**AIM OF THE EXERCISE:**
Each line of the records that holds the word "BuildSketch" should be copied out.

**TASK DATA:**
____

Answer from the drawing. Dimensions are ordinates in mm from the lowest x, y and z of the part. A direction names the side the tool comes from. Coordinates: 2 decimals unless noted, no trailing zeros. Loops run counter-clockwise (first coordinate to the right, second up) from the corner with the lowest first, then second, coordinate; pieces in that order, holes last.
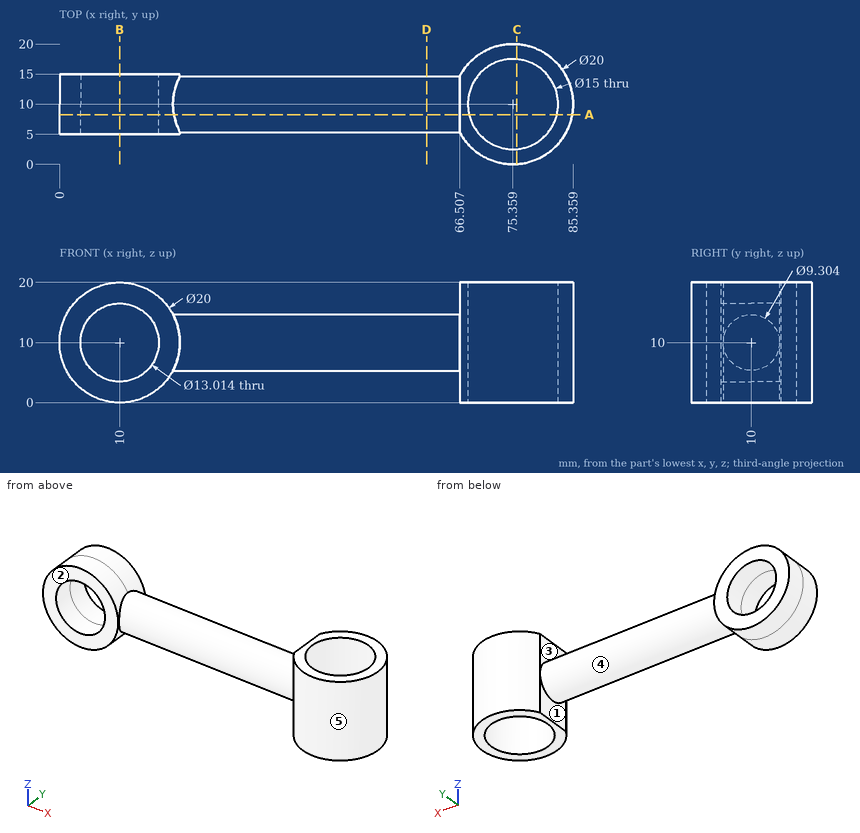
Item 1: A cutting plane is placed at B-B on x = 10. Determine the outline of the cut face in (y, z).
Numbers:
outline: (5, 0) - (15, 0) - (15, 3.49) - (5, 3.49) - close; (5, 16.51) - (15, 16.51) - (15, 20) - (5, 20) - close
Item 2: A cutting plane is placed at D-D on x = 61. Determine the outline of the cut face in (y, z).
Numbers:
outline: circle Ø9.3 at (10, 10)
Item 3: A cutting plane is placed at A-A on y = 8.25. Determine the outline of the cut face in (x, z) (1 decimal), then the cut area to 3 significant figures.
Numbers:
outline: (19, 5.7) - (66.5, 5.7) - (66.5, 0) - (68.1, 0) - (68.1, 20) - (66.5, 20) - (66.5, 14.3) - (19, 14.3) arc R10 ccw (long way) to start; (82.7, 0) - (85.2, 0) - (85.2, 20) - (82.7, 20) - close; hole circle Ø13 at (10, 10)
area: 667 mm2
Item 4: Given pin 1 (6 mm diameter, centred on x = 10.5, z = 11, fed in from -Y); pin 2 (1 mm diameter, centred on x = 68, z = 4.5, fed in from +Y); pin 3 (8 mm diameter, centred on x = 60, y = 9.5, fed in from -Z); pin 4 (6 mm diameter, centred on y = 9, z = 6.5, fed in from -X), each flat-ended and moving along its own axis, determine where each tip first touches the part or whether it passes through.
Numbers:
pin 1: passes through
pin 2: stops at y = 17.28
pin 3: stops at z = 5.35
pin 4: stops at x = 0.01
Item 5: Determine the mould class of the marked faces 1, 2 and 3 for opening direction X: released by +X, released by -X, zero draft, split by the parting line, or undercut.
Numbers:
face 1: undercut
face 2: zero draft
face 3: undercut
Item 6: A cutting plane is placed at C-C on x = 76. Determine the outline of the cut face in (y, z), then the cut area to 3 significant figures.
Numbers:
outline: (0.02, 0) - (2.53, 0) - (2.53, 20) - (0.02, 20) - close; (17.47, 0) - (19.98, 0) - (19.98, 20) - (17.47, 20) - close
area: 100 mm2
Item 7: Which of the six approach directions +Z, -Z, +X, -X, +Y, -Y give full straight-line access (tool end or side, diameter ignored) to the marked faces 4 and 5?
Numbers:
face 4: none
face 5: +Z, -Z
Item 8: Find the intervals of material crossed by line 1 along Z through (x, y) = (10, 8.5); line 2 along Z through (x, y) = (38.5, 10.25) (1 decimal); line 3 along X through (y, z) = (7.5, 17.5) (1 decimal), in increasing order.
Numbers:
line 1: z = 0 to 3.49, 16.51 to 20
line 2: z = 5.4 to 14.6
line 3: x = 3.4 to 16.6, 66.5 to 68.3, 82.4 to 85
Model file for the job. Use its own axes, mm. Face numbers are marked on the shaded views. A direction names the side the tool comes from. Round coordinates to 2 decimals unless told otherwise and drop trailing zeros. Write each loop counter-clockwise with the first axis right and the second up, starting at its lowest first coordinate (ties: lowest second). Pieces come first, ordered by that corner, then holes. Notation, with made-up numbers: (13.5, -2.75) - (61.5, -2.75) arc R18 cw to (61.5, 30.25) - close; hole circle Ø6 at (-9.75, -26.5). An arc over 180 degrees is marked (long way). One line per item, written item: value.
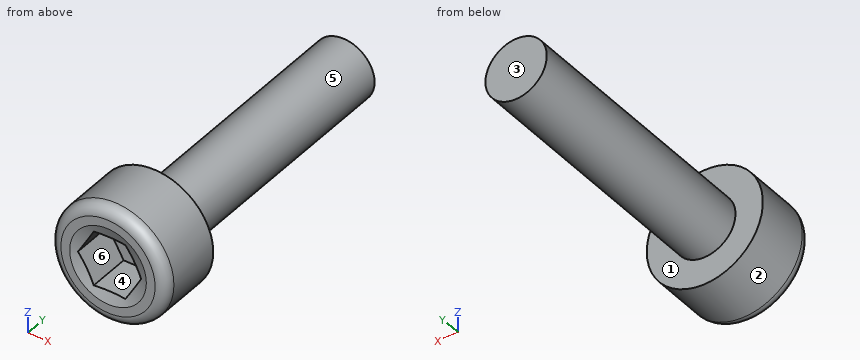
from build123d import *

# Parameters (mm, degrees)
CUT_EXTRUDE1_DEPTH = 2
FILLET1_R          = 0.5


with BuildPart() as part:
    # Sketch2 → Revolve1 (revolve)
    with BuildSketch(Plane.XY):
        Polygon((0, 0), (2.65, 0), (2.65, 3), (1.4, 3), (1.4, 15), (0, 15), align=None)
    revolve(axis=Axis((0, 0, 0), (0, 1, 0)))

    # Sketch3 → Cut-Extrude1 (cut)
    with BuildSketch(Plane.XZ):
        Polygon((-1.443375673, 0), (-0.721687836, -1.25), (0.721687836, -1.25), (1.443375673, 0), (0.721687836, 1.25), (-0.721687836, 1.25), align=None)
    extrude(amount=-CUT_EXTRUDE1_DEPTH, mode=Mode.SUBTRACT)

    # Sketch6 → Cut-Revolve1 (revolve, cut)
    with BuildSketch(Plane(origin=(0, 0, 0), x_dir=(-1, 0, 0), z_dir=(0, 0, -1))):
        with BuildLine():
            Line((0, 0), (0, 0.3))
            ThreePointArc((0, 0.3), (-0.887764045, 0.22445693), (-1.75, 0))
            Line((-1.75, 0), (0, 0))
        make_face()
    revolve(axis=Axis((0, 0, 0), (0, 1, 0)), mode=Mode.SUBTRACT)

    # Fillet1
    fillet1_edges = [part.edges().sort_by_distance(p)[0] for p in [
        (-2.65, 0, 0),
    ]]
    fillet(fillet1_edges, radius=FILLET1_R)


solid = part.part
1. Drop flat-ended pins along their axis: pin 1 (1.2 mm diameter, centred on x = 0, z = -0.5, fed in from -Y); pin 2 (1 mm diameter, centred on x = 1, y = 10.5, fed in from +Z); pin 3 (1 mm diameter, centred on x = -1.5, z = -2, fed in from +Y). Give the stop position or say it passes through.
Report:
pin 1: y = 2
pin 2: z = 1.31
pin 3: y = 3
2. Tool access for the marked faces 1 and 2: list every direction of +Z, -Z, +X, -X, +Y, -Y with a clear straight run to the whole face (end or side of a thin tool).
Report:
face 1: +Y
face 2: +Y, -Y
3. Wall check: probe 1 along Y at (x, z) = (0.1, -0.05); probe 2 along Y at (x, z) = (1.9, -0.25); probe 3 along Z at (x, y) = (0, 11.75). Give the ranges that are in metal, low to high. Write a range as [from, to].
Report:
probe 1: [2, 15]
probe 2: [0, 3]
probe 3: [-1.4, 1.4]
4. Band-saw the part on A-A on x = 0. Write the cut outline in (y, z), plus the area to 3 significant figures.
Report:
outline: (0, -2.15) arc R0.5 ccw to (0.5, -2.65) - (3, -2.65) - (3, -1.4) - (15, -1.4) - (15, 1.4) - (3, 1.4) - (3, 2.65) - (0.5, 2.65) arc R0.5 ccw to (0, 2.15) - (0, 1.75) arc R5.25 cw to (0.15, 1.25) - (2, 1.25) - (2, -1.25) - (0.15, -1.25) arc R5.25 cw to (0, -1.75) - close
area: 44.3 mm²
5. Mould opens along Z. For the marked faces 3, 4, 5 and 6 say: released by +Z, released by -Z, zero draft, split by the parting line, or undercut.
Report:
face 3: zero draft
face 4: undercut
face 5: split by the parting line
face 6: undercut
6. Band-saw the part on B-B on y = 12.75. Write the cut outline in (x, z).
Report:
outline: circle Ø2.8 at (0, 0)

____

**FINISHED TASK:**
    with BuildSketch(Plane.XY):
    with BuildSketch(Plane.XZ):
    with BuildSketch(Plane(origin=(0, 0, 0), x_dir=(-1, 0, 0), z_dir=(0, 0, -1))):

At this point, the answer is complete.